Mpox-related projects were eligible for inclusion if they were implemented during the July 2024 to June 2025 response period, involved Advanced FETP or LLP fellows as lead investigators or major technical contributors, and generated outputs relevant to outbreak detection, investigation, response coordination, laboratory-epidemiology coordination, clinical or epidemiologic characterisation, health system strengthening, community engagement, workforce capacity, or psychosocial support. Projects that were not related to the mpox response, did not involve fellows from the selected UPHFP tracks, or did not generate a documented programmatic or analytic output were excluded.

Data abstraction
Each eligible project was reviewed using a structured abstraction tool developed for this synthesis. The abstraction tool captured the project title, implementation period, geographic setting, population or target group, study or activity type, data source, design where applicable, principal output, current output status, response function, key findings, and operational relevance. For analytic epidemiologic studies, the abstraction captured the study design and main outcome or exposure domains as reported in the project output, but the review did not re-run statistical analyses or pool participant-level data across studies. For outbreak investigation and programmatic activities, the abstraction captured the investigation setting, response questions addressed, output produced, and response-relevant recommendations documented by the project team.

Classification framework
Projects were classified using mpox response functions adapted from national outbreak coordination structures and aligned with World Health Organization functional domains for public health emergency preparedness and response[11]. The response functions were surveillance and case detection, epidemiologic investigations and transmission dynamics, laboratory-epidemiology interface, clinical severity, outcomes, and care models, risk communication and community engagement, health system and workforce capacity, and psychosocial impact and stigma. Classification was based on the public health function addressed by each project rather than on study design alone. Because several projects addressed more than one response function, category assignment was not mutually exclusive; therefore, category totals and percentages could exceed the number of unique projects.

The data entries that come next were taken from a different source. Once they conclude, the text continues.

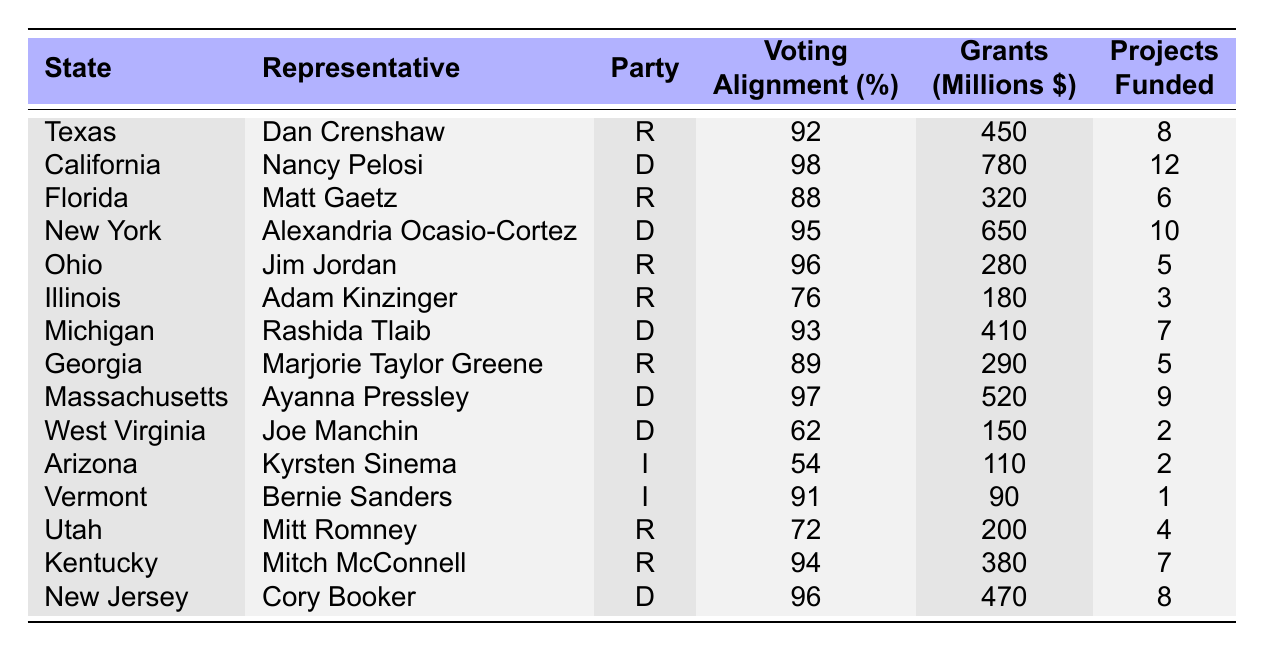What is the total amount of infrastructure grants approved for Republican representatives? The Republican representatives and their approved grants are: Dan Crenshaw (450 million), Matt Gaetz (320 million), Jim Jordan (280 million), Adam Kinzinger (180 million), Marjorie Taylor Greene (290 million), Mitt Romney (200 million), and Mitch McConnell (380 million). Adding these amounts: 450 + 320 + 280 + 180 + 290 + 200 + 380 = 2100 million.
Answer: 2100 million Which state received the highest amount in infrastructure grants? Looking through the table, California, represented by Nancy Pelosi, has the highest amount of infrastructure grants at 780 million dollars.
Answer: California How many projects were funded in total by Democrat representatives? The Democrat representatives and the number of projects funded are: Nancy Pelosi (12), Alexandria Ocasio-Cortez (10), Rashida Tlaib (7), Ayanna Pressley (9), Joe Manchin (2), and Cory Booker (8). Adding these gives: 12 + 10 + 7 + 9 + 2 + 8 = 48 projects.
Answer: 48 projects Is there any representative who aligned less than 70% with the voting majority? Checking the table, Kyrsten Sinema (54%) and Adam Kinzinger (76%) aligned less than 70% with the voting majority, with Sinema being below 70%. Therefore, yes, there are representatives with less than 70% alignment.
Answer: Yes What is the average voting alignment percentage for all representatives? To find the average, we sum the voting alignment percentages: 92 + 98 + 88 + 95 + 96 + 76 + 93 + 89 + 97 + 62 + 54 + 91 + 72 + 94 + 96 = 1390, and since there are 15 representatives, we divide by 15. So, average = 1390 / 15 = 92.67.
Answer: 92.67 How many Republicans have more than 400 million in approved infrastructure grants? Reviewing the table for Republicans, Dan Crenshaw (450 million), Matt Gaetz (320 million), and Mitch McConnell (380 million) show that only Dan Crenshaw is above 400 million. Thus, there is 1 Republican representative with more than 400 million.
Answer: 1 Republican Which political party has a higher average value of infrastructure grants approved? The average for Democrats: 780 + 650 + 410 + 520 + 150 + 470 = 3180 for 6 representatives, average = 3180/6 = 530 million. For Republicans: 450 + 320 + 280 + 180 + 290 + 200 + 380 = 2100 for 7 representatives, average = 2100/7 = 300 million. Democrats have a higher average of 530 million compared to 300 million for Republicans.
Answer: Democrats Does the representative with the least projects funded also belong to the Democratic party? The table shows that Joe Manchin funded 2 projects, while the lowest overall is Bernie Sanders, an independent, with only 1 project funded. Hence, the least funded representative is not a Democrat.
Answer: No 
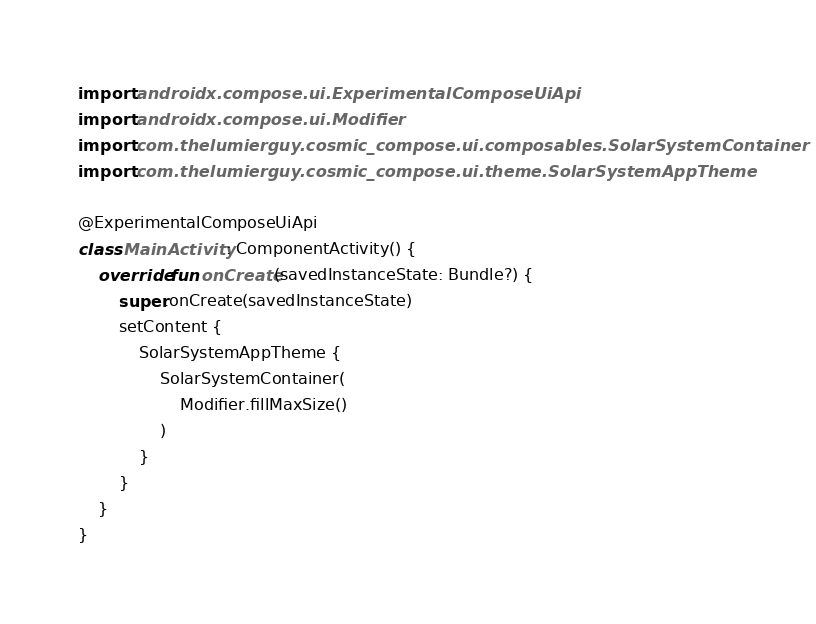<code> <loc_0><loc_0><loc_500><loc_500><_Kotlin_>import androidx.compose.ui.ExperimentalComposeUiApi
import androidx.compose.ui.Modifier
import com.thelumierguy.cosmic_compose.ui.composables.SolarSystemContainer
import com.thelumierguy.cosmic_compose.ui.theme.SolarSystemAppTheme

@ExperimentalComposeUiApi
class MainActivity : ComponentActivity() {
    override fun onCreate(savedInstanceState: Bundle?) {
        super.onCreate(savedInstanceState)
        setContent {
            SolarSystemAppTheme {
                SolarSystemContainer(
                    Modifier.fillMaxSize()
                )
            }
        }
    }
}</code>

Data synthesis and logic model
Findings were synthesized thematically across response pillars, with emphasis on operational relevance and contribution to public health decision-making. Where similar findings emerged across multiple projects, results were integrated to avoid duplication and overrepresentation of individual studies. Synthesis focused on identifying recurrent gaps, emerging patterns, and actionable insights that informed response strategies during the outbreak. To guide data synthesis and interpretation, we developed a logic model (Figure 1), informed by recently described impact-evaluation frameworks for Field Epidemiology Training Programs and related public health workforce initiatives [9]. Inputs include the Advanced FETP and LLP workforce, mentorship and technical supervision, institutional support from the Uganda Ministry of Health, and logistical and financial support provided through the United States Centers for Disease Control and Prevention (US CDC) and the Korea Foundation for International Healthcare (KOFIH). Activities include outbreak investigations, surveillance system evaluations, laboratory–epidemiology coordination, analytic epidemiologic studies, mentorship, and risk communication support. Outputs include investigation reports, analytic studies, surveillance dashboards, training activities, and response briefs. Outputs included investigation reports, analytic study reports and manuscripts, surveillance dashboards, training activities, response briefs, and operational recommendations. Outcomes and impact were interpreted as contribution pathways rather than causal effects.

Ethical considerations
All activities included in this synthesis were implemented as part of routine public health surveillance, outbreak investigation, mentorship, program evaluation, or response support under the mandate of the Uganda Ministry of Health. The included activities were reviewed by the US CDC and determined to be non-research public health activities. They were conducted consistent with applicable federal law and CDC policy, including 45 C.F.R. part 46, 21 C.F.R. part 56, 42 U.S.C. section 241(d), 5 U.S.C. section 552a, and 44 U.S.C. section 3501 et seq. No new participant-level data were collected for this synthesis, and no individual-level identifiers are reported in this manuscript.

Results

Overview of included projects
A total of 36 mpox-related response projects met the inclusion criteria. Projects were conducted across multiple epidemiologic and operational settings, including urban and peri-urban areas, island and fishing communities, prisons, health-care facilities, household contexts, and other affected districts (Table 1). The outputs included outbreak investigation reports, surveillance and alert-management evaluations, analytic epidemiologic study reports, laboratory rapid-response assessment outputs, public health bulletin articles, manuscripts, mentorship reports, response briefs, and an operational surveillance dashboard.
Mentorship and capacity-building activities reached approximately 160 health workers across about 30 districts.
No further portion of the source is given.